▶ EXERCISE GOAL
Give back every record verbatim, but not the pictures.

▶ DATA TO EXAMINE

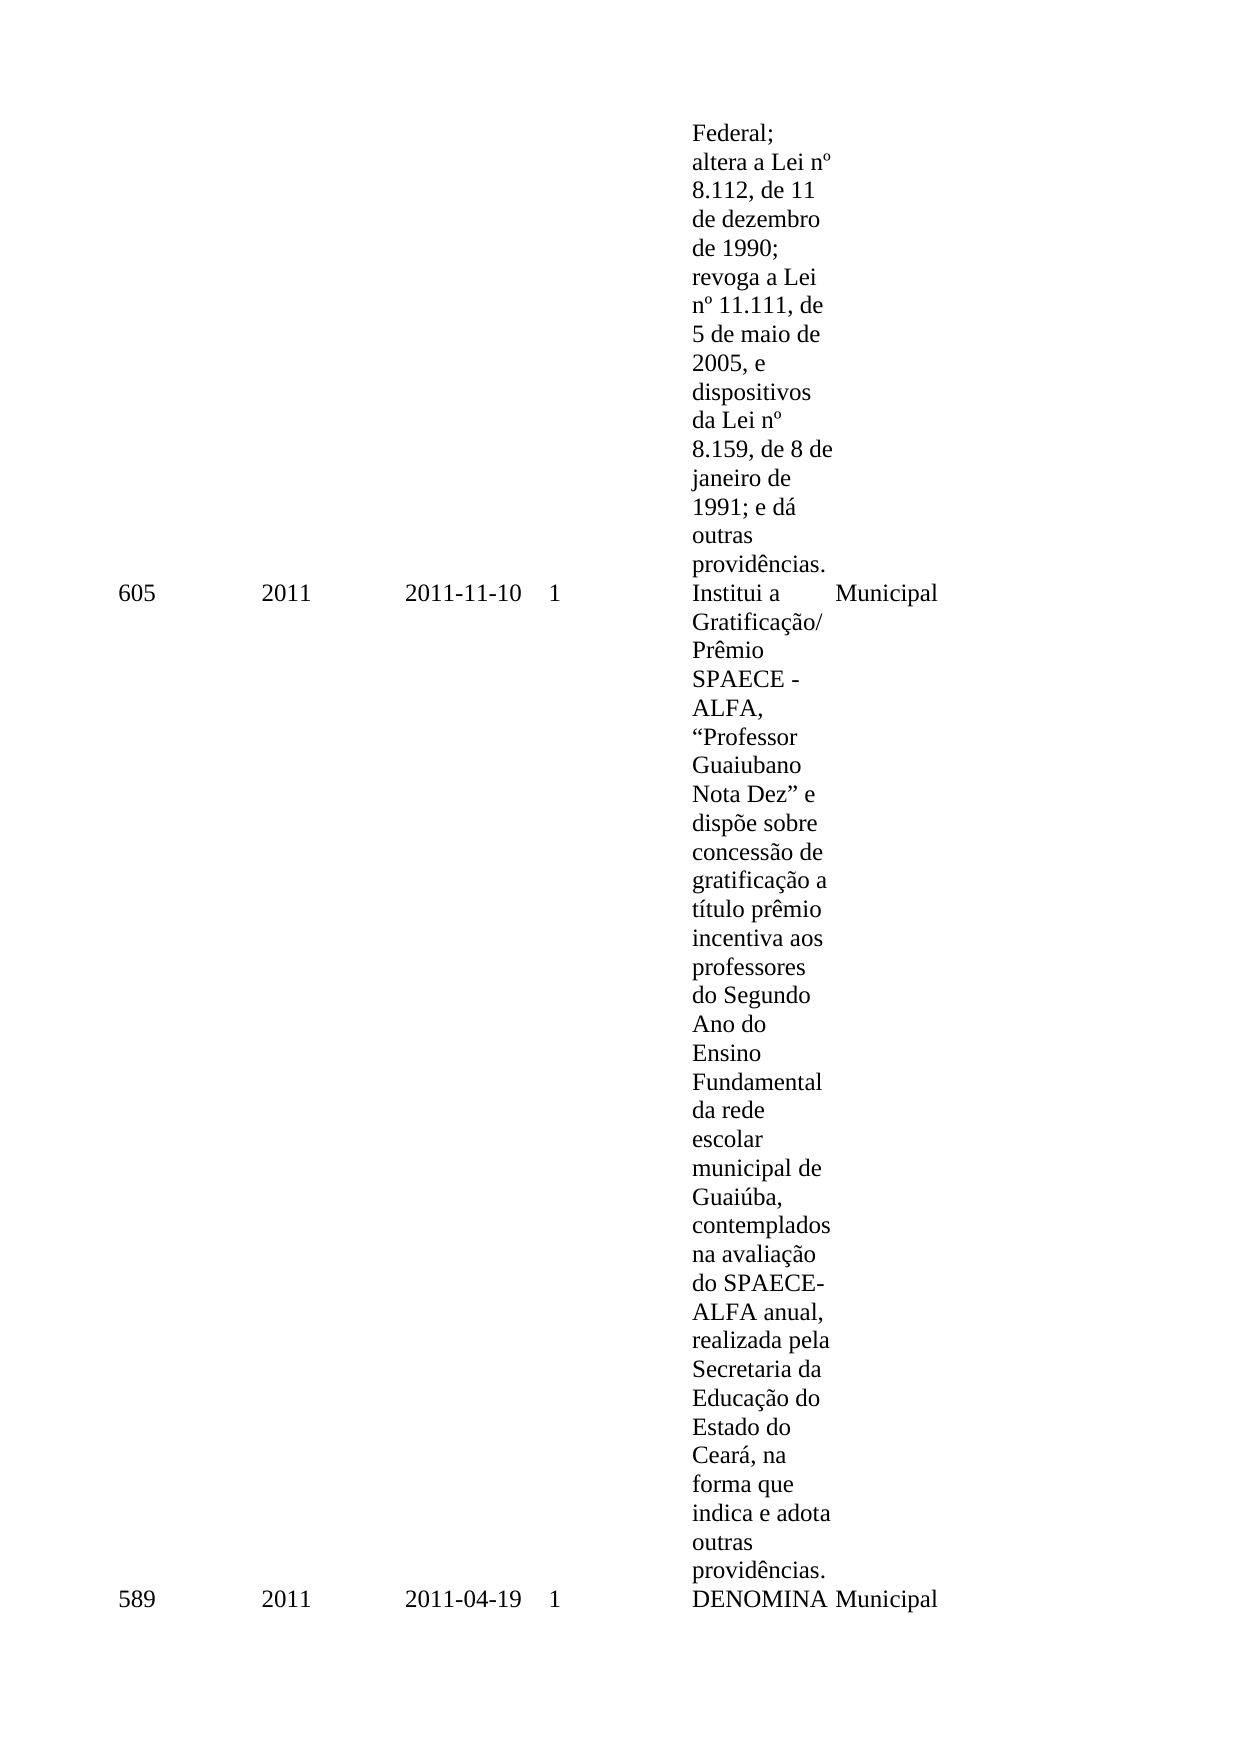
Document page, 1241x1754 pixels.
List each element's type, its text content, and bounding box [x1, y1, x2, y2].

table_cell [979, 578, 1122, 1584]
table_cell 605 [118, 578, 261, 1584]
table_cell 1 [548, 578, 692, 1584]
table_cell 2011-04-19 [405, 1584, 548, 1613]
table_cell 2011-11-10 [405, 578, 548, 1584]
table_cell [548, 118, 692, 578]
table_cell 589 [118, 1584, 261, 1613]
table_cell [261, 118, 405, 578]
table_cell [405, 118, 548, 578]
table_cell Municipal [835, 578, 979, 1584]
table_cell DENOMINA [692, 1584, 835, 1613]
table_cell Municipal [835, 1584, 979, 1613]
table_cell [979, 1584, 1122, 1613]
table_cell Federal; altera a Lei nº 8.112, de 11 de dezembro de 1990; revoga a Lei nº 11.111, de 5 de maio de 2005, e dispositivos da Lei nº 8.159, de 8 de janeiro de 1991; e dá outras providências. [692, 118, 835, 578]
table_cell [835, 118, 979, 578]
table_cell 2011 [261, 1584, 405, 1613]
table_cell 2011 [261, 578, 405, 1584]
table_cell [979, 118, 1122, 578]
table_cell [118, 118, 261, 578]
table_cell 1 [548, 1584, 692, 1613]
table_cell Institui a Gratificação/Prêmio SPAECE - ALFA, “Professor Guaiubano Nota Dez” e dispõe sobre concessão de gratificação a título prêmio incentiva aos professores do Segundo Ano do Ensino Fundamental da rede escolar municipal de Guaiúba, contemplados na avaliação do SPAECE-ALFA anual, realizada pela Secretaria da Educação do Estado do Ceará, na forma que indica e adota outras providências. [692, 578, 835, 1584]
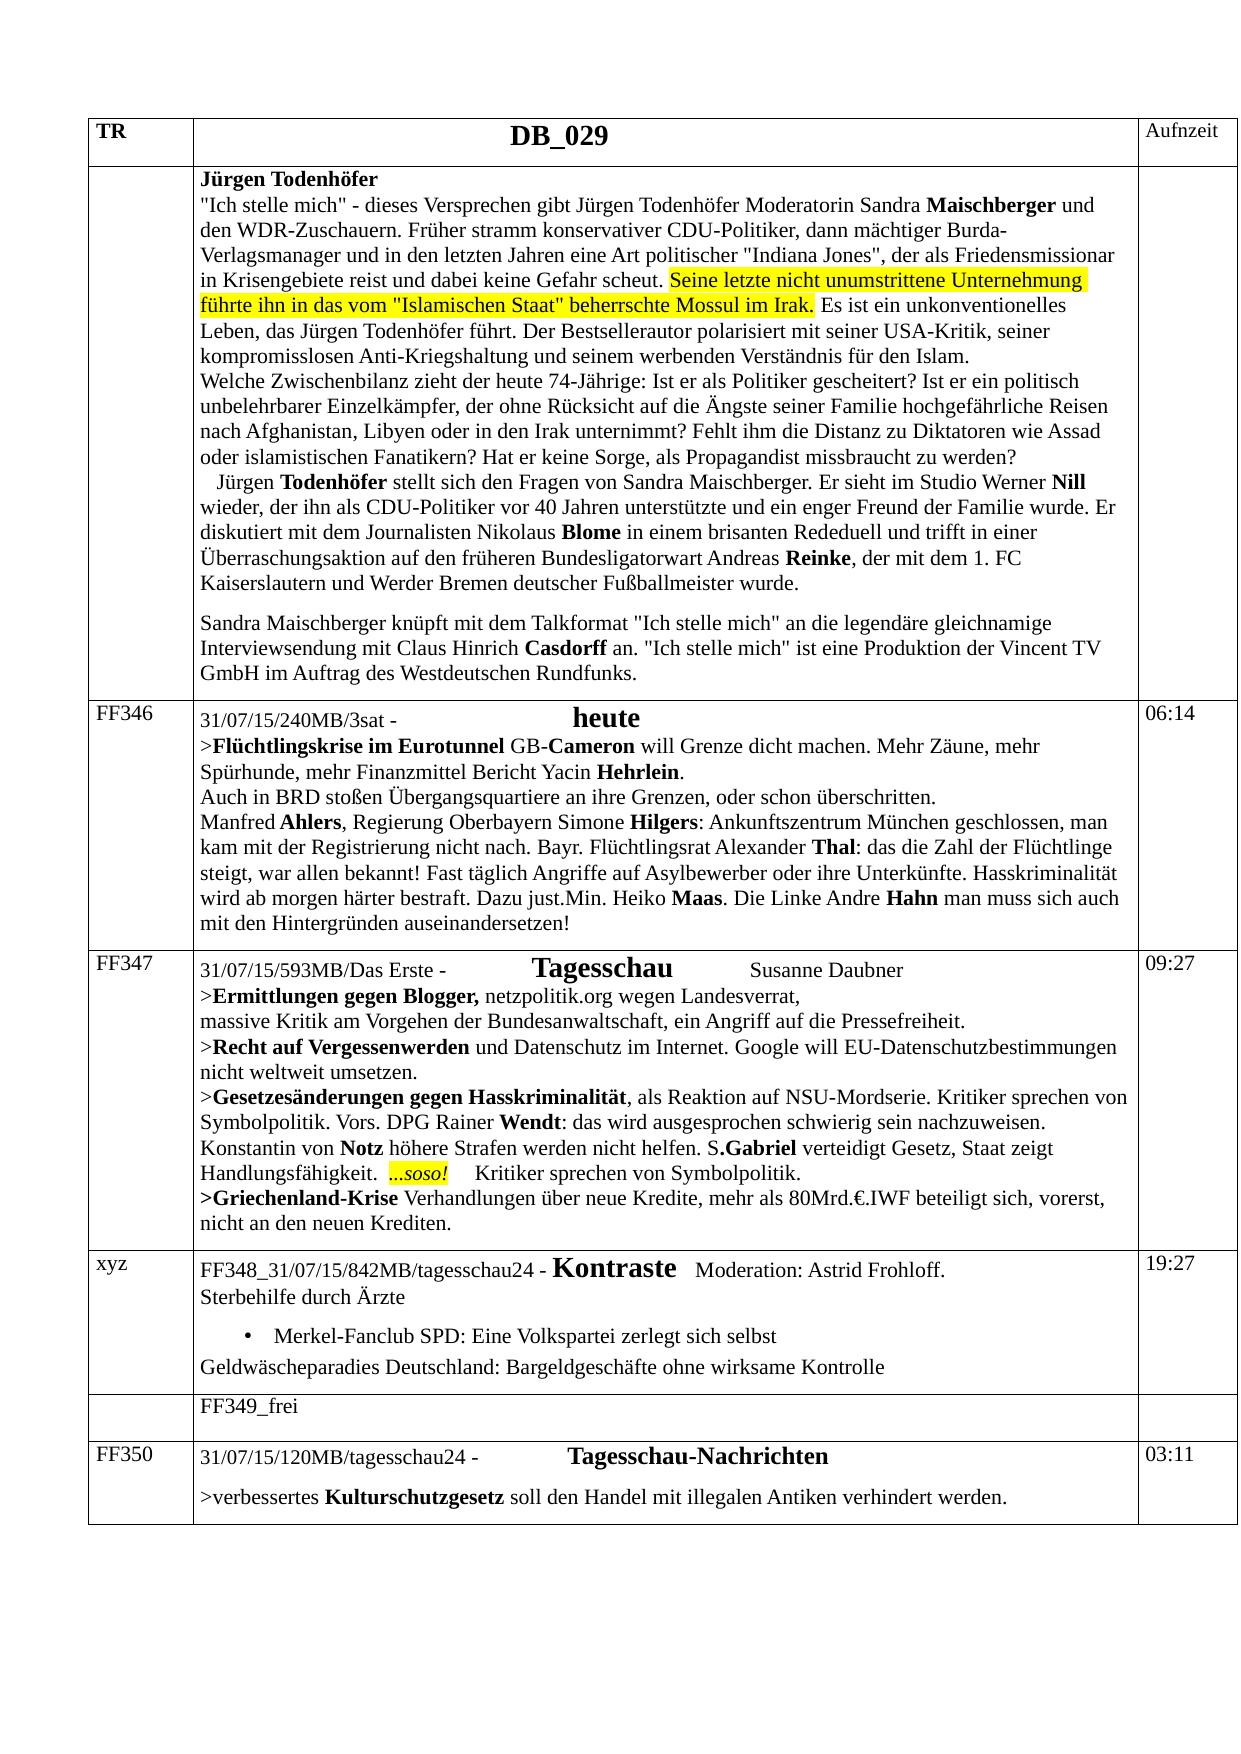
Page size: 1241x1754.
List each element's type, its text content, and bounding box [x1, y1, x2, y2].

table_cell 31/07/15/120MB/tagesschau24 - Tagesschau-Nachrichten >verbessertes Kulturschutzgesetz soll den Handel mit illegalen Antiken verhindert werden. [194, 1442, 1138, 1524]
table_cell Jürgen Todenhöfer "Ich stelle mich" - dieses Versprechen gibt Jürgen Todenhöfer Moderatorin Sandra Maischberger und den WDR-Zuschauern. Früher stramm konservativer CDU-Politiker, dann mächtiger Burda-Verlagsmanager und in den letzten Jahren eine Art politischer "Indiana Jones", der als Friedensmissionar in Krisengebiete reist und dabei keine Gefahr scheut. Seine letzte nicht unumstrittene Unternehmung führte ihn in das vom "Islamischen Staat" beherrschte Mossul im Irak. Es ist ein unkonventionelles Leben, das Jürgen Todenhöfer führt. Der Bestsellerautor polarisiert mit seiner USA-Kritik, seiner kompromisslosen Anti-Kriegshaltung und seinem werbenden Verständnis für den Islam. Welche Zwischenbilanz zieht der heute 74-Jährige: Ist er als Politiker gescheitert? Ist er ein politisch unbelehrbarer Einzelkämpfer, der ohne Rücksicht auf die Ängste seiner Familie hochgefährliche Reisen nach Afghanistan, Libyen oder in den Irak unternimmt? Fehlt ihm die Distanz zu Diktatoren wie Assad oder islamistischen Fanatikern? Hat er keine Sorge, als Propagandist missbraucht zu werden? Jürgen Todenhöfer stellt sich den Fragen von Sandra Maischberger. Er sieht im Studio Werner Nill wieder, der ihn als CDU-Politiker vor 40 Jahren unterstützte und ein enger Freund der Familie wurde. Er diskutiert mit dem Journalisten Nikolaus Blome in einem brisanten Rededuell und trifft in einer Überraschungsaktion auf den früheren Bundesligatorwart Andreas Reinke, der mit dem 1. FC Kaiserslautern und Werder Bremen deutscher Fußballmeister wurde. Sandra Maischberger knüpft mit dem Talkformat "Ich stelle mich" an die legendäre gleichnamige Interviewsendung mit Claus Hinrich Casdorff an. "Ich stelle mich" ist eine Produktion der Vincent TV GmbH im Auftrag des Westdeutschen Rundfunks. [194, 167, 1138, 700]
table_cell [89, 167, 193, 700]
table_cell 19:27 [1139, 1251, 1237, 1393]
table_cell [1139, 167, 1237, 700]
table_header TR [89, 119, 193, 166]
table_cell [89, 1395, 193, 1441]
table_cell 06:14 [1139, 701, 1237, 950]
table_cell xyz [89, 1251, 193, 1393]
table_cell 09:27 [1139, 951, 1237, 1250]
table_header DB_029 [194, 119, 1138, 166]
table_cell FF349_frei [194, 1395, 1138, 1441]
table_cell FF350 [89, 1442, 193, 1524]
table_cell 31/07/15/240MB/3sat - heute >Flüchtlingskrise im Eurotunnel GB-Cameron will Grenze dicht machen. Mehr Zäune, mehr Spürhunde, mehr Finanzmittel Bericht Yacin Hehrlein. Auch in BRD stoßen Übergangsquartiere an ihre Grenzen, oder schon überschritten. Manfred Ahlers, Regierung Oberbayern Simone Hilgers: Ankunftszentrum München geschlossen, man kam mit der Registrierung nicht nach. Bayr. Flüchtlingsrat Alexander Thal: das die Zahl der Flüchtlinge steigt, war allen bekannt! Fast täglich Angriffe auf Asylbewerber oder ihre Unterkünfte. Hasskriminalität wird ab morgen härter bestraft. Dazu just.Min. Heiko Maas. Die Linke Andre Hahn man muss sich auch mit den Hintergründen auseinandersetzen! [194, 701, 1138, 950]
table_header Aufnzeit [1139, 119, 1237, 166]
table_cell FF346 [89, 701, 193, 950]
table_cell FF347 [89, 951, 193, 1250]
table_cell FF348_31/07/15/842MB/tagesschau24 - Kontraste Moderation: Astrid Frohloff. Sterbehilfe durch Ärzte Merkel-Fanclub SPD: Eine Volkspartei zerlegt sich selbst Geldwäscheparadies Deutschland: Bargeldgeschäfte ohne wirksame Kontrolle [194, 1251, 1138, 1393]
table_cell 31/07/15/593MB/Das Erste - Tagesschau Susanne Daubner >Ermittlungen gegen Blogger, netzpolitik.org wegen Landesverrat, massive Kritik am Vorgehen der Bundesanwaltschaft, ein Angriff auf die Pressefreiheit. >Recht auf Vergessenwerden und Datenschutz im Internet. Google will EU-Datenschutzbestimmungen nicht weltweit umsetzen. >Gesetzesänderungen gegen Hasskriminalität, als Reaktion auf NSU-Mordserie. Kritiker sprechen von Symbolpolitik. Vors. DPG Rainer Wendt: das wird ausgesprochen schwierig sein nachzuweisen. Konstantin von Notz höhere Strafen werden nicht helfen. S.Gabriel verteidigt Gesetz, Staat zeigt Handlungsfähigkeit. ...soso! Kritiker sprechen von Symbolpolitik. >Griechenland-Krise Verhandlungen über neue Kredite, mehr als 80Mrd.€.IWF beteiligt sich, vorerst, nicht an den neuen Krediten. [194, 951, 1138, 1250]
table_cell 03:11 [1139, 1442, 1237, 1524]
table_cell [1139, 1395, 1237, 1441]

▶ ANSWER FOR THE TASK
Document page, 1241x1754 pixels.
List each element's type, its text content, and bounding box [x1, y1, x2, y2].

table_cell [979, 578, 1122, 1584]
table_cell 605 [118, 578, 261, 1584]
table_cell 1 [548, 578, 692, 1584]
table_cell 2011-04-19 [405, 1584, 548, 1613]
table_cell 2011-11-10 [405, 578, 548, 1584]
table_cell [548, 118, 692, 578]
table_cell 589 [118, 1584, 261, 1613]
table_cell [261, 118, 405, 578]
table_cell [405, 118, 548, 578]
table_cell Municipal [835, 578, 979, 1584]
table_cell DENOMINA [692, 1584, 835, 1613]
table_cell Municipal [835, 1584, 979, 1613]
table_cell [979, 1584, 1122, 1613]
table_cell Federal; altera a Lei nº 8.112, de 11 de dezembro de 1990; revoga a Lei nº 11.111, de 5 de maio de 2005, e dispositivos da Lei nº 8.159, de 8 de janeiro de 1991; e dá outras providências. [692, 118, 835, 578]
table_cell [835, 118, 979, 578]
table_cell 2011 [261, 1584, 405, 1613]
table_cell 2011 [261, 578, 405, 1584]
table_cell [979, 118, 1122, 578]
table_cell [118, 118, 261, 578]
table_cell 1 [548, 1584, 692, 1613]
table_cell Institui a Gratificação/Prêmio SPAECE - ALFA, “Professor Guaiubano Nota Dez” e dispõe sobre concessão de gratificação a título prêmio incentiva aos professores do Segundo Ano do Ensino Fundamental da rede escolar municipal de Guaiúba, contemplados na avaliação do SPAECE-ALFA anual, realizada pela Secretaria da Educação do Estado do Ceará, na forma que indica e adota outras providências. [692, 578, 835, 1584]
Page size: 1241x1754.
List each element's type, its text content, and bounding box [x1, y1, x2, y2].

table_cell 31/07/15/120MB/tagesschau24 - Tagesschau-Nachrichten >verbessertes Kulturschutzgesetz soll den Handel mit illegalen Antiken verhindert werden. [194, 1442, 1138, 1524]
table_cell Jürgen Todenhöfer "Ich stelle mich" - dieses Versprechen gibt Jürgen Todenhöfer Moderatorin Sandra Maischberger und den WDR-Zuschauern. Früher stramm konservativer CDU-Politiker, dann mächtiger Burda-Verlagsmanager und in den letzten Jahren eine Art politischer "Indiana Jones", der als Friedensmissionar in Krisengebiete reist und dabei keine Gefahr scheut. Seine letzte nicht unumstrittene Unternehmung führte ihn in das vom "Islamischen Staat" beherrschte Mossul im Irak. Es ist ein unkonventionelles Leben, das Jürgen Todenhöfer führt. Der Bestsellerautor polarisiert mit seiner USA-Kritik, seiner kompromisslosen Anti-Kriegshaltung und seinem werbenden Verständnis für den Islam. Welche Zwischenbilanz zieht der heute 74-Jährige: Ist er als Politiker gescheitert? Ist er ein politisch unbelehrbarer Einzelkämpfer, der ohne Rücksicht auf die Ängste seiner Familie hochgefährliche Reisen nach Afghanistan, Libyen oder in den Irak unternimmt? Fehlt ihm die Distanz zu Diktatoren wie Assad oder islamistischen Fanatikern? Hat er keine Sorge, als Propagandist missbraucht zu werden? Jürgen Todenhöfer stellt sich den Fragen von Sandra Maischberger. Er sieht im Studio Werner Nill wieder, der ihn als CDU-Politiker vor 40 Jahren unterstützte und ein enger Freund der Familie wurde. Er diskutiert mit dem Journalisten Nikolaus Blome in einem brisanten Rededuell und trifft in einer Überraschungsaktion auf den früheren Bundesligatorwart Andreas Reinke, der mit dem 1. FC Kaiserslautern und Werder Bremen deutscher Fußballmeister wurde. Sandra Maischberger knüpft mit dem Talkformat "Ich stelle mich" an die legendäre gleichnamige Interviewsendung mit Claus Hinrich Casdorff an. "Ich stelle mich" ist eine Produktion der Vincent TV GmbH im Auftrag des Westdeutschen Rundfunks. [194, 167, 1138, 700]
table_cell [89, 167, 193, 700]
table_cell 19:27 [1139, 1251, 1237, 1393]
table_cell [1139, 167, 1237, 700]
table_header TR [89, 119, 193, 166]
table_cell [89, 1395, 193, 1441]
table_cell 06:14 [1139, 701, 1237, 950]
table_cell xyz [89, 1251, 193, 1393]
table_cell 09:27 [1139, 951, 1237, 1250]
table_header DB_029 [194, 119, 1138, 166]
table_cell FF349_frei [194, 1395, 1138, 1441]
table_cell FF350 [89, 1442, 193, 1524]
table_cell 31/07/15/240MB/3sat - heute >Flüchtlingskrise im Eurotunnel GB-Cameron will Grenze dicht machen. Mehr Zäune, mehr Spürhunde, mehr Finanzmittel Bericht Yacin Hehrlein. Auch in BRD stoßen Übergangsquartiere an ihre Grenzen, oder schon überschritten. Manfred Ahlers, Regierung Oberbayern Simone Hilgers: Ankunftszentrum München geschlossen, man kam mit der Registrierung nicht nach. Bayr. Flüchtlingsrat Alexander Thal: das die Zahl der Flüchtlinge steigt, war allen bekannt! Fast täglich Angriffe auf Asylbewerber oder ihre Unterkünfte. Hasskriminalität wird ab morgen härter bestraft. Dazu just.Min. Heiko Maas. Die Linke Andre Hahn man muss sich auch mit den Hintergründen auseinandersetzen! [194, 701, 1138, 950]
table_header Aufnzeit [1139, 119, 1237, 166]
table_cell FF346 [89, 701, 193, 950]
table_cell FF347 [89, 951, 193, 1250]
table_cell FF348_31/07/15/842MB/tagesschau24 - Kontraste Moderation: Astrid Frohloff. Sterbehilfe durch Ärzte Merkel-Fanclub SPD: Eine Volkspartei zerlegt sich selbst Geldwäscheparadies Deutschland: Bargeldgeschäfte ohne wirksame Kontrolle [194, 1251, 1138, 1393]
table_cell 31/07/15/593MB/Das Erste - Tagesschau Susanne Daubner >Ermittlungen gegen Blogger, netzpolitik.org wegen Landesverrat, massive Kritik am Vorgehen der Bundesanwaltschaft, ein Angriff auf die Pressefreiheit. >Recht auf Vergessenwerden und Datenschutz im Internet. Google will EU-Datenschutzbestimmungen nicht weltweit umsetzen. >Gesetzesänderungen gegen Hasskriminalität, als Reaktion auf NSU-Mordserie. Kritiker sprechen von Symbolpolitik. Vors. DPG Rainer Wendt: das wird ausgesprochen schwierig sein nachzuweisen. Konstantin von Notz höhere Strafen werden nicht helfen. S.Gabriel verteidigt Gesetz, Staat zeigt Handlungsfähigkeit. ...soso! Kritiker sprechen von Symbolpolitik. >Griechenland-Krise Verhandlungen über neue Kredite, mehr als 80Mrd.€.IWF beteiligt sich, vorerst, nicht an den neuen Krediten. [194, 951, 1138, 1250]
table_cell 03:11 [1139, 1442, 1237, 1524]
table_cell [1139, 1395, 1237, 1441]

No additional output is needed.